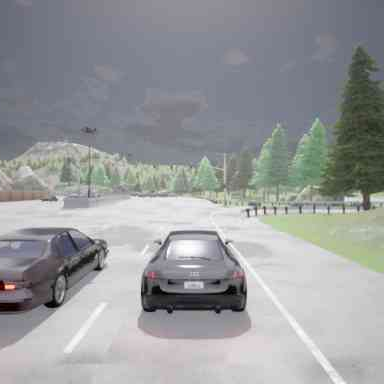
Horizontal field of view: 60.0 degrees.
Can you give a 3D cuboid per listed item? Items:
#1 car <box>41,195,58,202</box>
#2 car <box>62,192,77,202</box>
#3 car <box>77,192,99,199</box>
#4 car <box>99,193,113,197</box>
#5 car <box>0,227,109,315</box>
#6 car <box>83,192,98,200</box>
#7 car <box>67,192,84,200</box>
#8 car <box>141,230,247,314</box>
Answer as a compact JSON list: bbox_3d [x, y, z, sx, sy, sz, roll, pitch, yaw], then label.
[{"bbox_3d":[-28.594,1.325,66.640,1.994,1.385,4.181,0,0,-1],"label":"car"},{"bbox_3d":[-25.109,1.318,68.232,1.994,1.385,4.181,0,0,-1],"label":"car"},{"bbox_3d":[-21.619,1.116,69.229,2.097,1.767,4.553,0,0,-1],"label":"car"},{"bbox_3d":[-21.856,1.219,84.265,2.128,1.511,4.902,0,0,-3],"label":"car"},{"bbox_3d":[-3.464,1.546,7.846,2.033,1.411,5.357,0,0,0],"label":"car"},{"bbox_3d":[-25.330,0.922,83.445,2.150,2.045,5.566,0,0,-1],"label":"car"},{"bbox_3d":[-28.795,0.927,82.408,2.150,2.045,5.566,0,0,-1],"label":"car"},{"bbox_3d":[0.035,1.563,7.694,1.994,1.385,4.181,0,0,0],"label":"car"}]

====

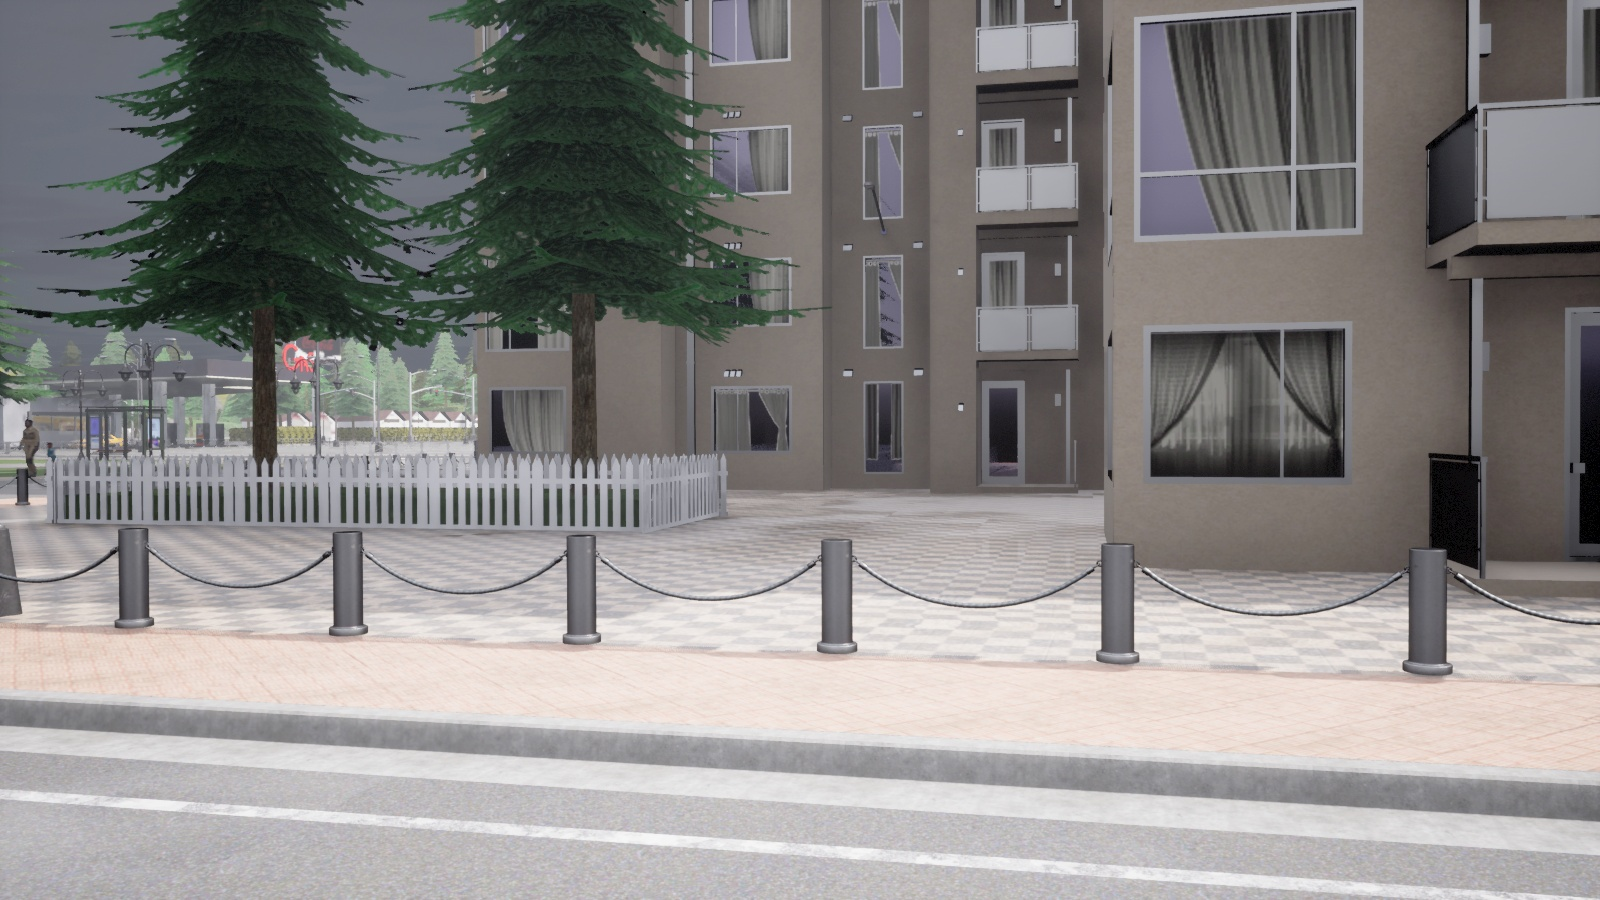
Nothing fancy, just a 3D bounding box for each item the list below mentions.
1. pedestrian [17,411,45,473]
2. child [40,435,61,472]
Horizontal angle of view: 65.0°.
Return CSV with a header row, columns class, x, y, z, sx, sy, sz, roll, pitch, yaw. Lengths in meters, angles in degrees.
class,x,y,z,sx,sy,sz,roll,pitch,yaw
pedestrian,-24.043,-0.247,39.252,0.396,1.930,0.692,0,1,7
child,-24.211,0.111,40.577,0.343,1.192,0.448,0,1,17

====

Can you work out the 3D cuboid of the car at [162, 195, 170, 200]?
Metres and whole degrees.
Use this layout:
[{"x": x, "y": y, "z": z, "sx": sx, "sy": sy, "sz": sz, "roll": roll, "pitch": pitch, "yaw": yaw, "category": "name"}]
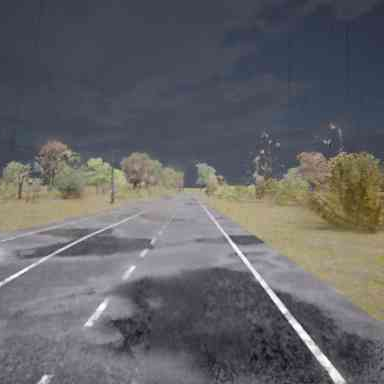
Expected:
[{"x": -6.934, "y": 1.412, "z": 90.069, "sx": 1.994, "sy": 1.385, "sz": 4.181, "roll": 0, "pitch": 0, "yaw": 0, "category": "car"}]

====

What to produce => Throughout the listing above, count the lines where the word "Horizontal" appears, then reply with that count and no other words.

Solution for this task => 2